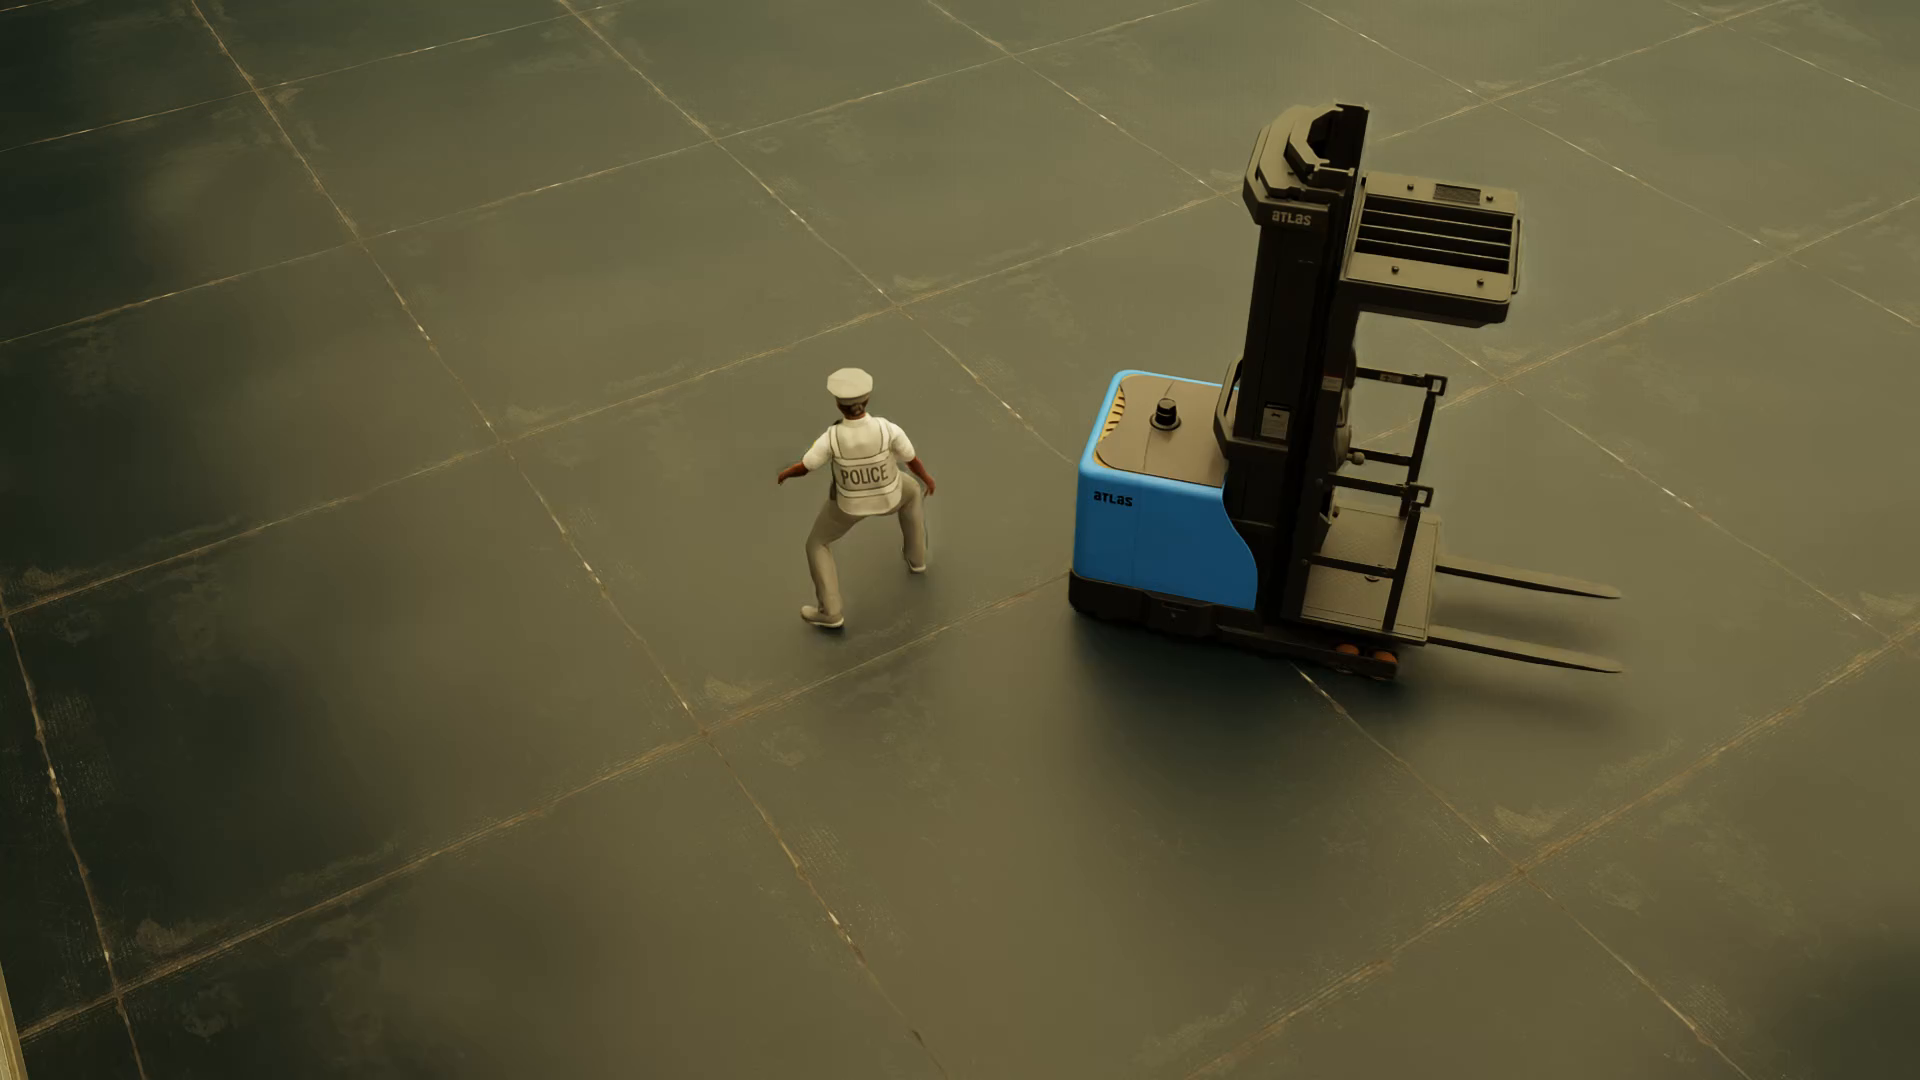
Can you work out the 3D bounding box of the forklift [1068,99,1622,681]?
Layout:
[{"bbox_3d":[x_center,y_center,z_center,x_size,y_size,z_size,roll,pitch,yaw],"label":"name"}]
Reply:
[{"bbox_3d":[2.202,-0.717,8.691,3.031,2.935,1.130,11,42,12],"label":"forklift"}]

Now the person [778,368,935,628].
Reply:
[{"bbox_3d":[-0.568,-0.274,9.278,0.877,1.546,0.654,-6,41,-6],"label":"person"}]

▸ ASSIGNED TASK: Exactly repeat the data above; the pictures do not belong in your copy.

▸ OUTPUT OF THE TASK:
Can you work out the 3D bounding box of the forklift [1068,99,1622,681]?
Layout:
[{"bbox_3d":[x_center,y_center,z_center,x_size,y_size,z_size,roll,pitch,yaw],"label":"name"}]
Reply:
[{"bbox_3d":[2.202,-0.717,8.691,3.031,2.935,1.130,11,42,12],"label":"forklift"}]

Now the person [778,368,935,628].
Reply:
[{"bbox_3d":[-0.568,-0.274,9.278,0.877,1.546,0.654,-6,41,-6],"label":"person"}]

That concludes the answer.